Now some of these rules are stronger than others. There is the case of Fred, who is missing a finger due to a volcano accident, and the case of Barney the Baby who doesn’t speak yet, and the case of Irving the IRCBot who emits sentences but has no blood. So if we learn that a certain thing is not wearing clothes, that doesn’t screen off everything that its speech capability can tell us about its blood color. If the thing doesn’t wear clothes but does talk, maybe it’s Nude Nellie.
This makes the case more interesting than, say, five integer variables that are all odd or all even, but otherwise uncorrelated. In that case, knowing any one of the variables would screen off everything that knowing a second variable could tell us about a third variable.
But here, we have dependencies that don’t go away as soon as we learn just one variable, as the case of Nude Nellie shows. So is it an unmanageable inferential inconvenience?
Fear not! For there may be some sixth variable Z, which, if we knew it, really would screen off every pair of variables from each other. There may be some variable Z—even if we have to construct Z rather than observing it directly—such that:
P(U|V,W,X,Y,Z) | = | P(U|Z) |
P(V|U,W,X,Y,Z) | = | P(V|Z) |
P(W|U,V,X,Y,Z) | = | P(W|Z) |
⋮ |
Perhaps, given that a thing is “human,” then the probabilities of it speaking, wearing clothes, and having the standard number of fingers, are all independent. Fred may be missing a finger—but he is no more likely to be a nudist than the next person; Nude Nellie never wears clothes, but knowing this doesn’t make it any less likely that she speaks; and Baby Barney doesn’t talk yet, but is not missing any limbs.
This is called the “Naive Bayes” method, because it usually isn’t quite true, but pretending that it’s true can simplify the living daylights out of your calculations.
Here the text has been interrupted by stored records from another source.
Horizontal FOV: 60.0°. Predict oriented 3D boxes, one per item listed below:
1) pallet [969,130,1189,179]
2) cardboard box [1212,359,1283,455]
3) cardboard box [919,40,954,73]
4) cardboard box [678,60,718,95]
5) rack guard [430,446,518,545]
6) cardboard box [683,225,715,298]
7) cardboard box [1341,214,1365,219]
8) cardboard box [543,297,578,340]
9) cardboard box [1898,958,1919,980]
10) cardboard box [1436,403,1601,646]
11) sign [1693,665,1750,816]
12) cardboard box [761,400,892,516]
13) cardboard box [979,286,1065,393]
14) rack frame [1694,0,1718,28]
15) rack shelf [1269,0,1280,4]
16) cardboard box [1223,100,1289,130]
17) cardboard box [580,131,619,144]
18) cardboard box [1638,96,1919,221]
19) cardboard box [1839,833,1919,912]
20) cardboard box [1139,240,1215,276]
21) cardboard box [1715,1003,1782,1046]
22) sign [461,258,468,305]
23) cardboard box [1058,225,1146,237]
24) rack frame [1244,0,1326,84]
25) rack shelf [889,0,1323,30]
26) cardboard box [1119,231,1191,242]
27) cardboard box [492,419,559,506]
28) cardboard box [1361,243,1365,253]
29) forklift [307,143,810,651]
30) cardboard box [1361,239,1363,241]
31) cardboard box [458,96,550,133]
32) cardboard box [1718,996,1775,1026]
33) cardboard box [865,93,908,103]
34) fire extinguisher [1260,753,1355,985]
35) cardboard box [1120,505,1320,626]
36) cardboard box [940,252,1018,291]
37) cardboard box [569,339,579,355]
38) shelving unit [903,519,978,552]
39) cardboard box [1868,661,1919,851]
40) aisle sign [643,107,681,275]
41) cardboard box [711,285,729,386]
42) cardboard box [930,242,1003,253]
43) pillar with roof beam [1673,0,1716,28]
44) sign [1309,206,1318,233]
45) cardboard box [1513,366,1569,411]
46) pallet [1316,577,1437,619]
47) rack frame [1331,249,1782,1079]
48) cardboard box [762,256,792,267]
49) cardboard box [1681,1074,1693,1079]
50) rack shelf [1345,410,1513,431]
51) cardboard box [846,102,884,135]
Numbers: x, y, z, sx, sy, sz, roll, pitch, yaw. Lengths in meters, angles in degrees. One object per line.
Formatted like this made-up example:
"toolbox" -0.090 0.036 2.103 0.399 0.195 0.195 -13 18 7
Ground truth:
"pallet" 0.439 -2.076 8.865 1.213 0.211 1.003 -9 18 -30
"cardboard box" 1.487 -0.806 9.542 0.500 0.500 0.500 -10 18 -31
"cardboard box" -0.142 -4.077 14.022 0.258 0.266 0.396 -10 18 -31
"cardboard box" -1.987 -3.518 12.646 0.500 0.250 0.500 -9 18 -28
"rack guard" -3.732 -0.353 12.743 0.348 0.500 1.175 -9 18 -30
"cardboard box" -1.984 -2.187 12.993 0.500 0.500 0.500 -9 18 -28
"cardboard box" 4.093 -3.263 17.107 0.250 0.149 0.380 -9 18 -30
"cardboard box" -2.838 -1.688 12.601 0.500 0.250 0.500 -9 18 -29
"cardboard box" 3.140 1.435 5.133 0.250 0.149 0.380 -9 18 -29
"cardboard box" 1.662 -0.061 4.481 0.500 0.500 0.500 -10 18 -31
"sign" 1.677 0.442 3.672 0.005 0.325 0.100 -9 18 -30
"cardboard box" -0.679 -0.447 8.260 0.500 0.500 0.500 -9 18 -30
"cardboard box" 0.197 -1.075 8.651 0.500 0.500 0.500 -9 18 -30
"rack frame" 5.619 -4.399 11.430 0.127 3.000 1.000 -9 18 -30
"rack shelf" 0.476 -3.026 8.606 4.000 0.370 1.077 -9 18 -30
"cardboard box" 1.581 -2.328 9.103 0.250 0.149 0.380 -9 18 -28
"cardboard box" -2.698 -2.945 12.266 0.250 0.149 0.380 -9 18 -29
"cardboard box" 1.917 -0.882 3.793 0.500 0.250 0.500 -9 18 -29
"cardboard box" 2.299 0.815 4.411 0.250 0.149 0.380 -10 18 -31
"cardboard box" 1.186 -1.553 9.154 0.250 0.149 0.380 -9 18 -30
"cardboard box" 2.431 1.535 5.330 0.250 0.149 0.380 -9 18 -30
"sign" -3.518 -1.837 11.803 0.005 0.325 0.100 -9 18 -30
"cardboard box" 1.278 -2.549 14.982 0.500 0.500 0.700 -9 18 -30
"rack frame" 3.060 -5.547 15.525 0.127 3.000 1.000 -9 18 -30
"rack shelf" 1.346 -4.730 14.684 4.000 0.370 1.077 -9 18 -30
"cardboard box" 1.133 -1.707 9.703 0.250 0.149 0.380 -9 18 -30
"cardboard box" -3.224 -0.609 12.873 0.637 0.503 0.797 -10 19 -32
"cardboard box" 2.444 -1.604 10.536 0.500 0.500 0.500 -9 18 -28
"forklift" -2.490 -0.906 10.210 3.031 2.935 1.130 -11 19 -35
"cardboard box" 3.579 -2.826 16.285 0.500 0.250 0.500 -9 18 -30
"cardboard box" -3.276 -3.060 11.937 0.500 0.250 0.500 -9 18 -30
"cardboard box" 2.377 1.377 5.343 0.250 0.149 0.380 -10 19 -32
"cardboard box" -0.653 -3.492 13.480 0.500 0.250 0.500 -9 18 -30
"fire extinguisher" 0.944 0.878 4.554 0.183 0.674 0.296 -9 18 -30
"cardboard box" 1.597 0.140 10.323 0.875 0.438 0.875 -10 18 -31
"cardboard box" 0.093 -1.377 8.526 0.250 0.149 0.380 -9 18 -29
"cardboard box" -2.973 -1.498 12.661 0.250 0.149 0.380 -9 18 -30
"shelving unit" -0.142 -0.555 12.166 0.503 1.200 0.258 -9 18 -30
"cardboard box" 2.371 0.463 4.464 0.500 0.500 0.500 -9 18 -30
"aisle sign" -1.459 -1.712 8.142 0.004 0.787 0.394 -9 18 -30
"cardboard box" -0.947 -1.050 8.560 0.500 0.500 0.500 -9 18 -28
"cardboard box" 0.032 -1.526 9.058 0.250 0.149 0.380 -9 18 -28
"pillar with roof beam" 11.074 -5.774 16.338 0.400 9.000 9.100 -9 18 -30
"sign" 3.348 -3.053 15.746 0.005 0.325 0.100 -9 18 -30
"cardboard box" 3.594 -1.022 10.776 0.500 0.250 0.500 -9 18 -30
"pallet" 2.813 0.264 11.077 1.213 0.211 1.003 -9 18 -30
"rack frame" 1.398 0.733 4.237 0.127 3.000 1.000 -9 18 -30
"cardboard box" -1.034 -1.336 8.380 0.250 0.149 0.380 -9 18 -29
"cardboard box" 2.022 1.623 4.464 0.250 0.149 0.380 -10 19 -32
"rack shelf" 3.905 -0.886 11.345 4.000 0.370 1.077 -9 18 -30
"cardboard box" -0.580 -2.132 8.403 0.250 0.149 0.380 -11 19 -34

We don’t keep separate track of the influence of clothed-ness on speech capability given finger number. We just use all the information we’ve observed to keep track of the probability that this thingy is a human (or alternatively, something else, like a chimpanzee or robot) and then use our beliefs about the central class to predict anything we haven’t seen yet, like vulnerability to hemlock.
Any observations of U, V, W, X, and Y just act as evidence for the central class variable Z, and then we use the posterior distribution on Z to make any predictions that need making about unobserved variables in U, V, W, X, and Y.
Sound familiar? It should:
Network 2
As a matter of fact, if you use the right kind of neural network units, this “neural network” ends up exactly, mathematically equivalent to Naive Bayes. The central unit just needs a logistic threshold—an S-curve response—and the weights of the inputs just need to match the logarithms of the likelihood ratios, et cetera. In fact, it’s a good guess that this is one of the reasons why logistic response often works so well in neural networks—it lets the algorithm sneak in a little Bayesian reasoning while the designers aren’t looking.
Just because someone is presenting you with an algorithm that they call a “neural network” with buzzwords like “scruffy” and “emergent” plastered all over it, disclaiming proudly that they have no idea how the learned network works—well, don’t assume that their little AI algorithm really is Beyond the Realms of Logic. For this paradigm of adhockery, if it works, will turn out to have Bayesian structure; it may even be exactly equivalent to an algorithm of the sort called “Bayesian.”
Even if it doesn’t look Bayesian, on the surface.
And then you just know that the Bayesians are going to start explaining exactly how the algorithm works, what underlying assumptions it reflects, which environmental regularities it exploits, where it works and where it fails, and even attaching understandable meanings to the learned network weights.
Disappointing, isn’t it?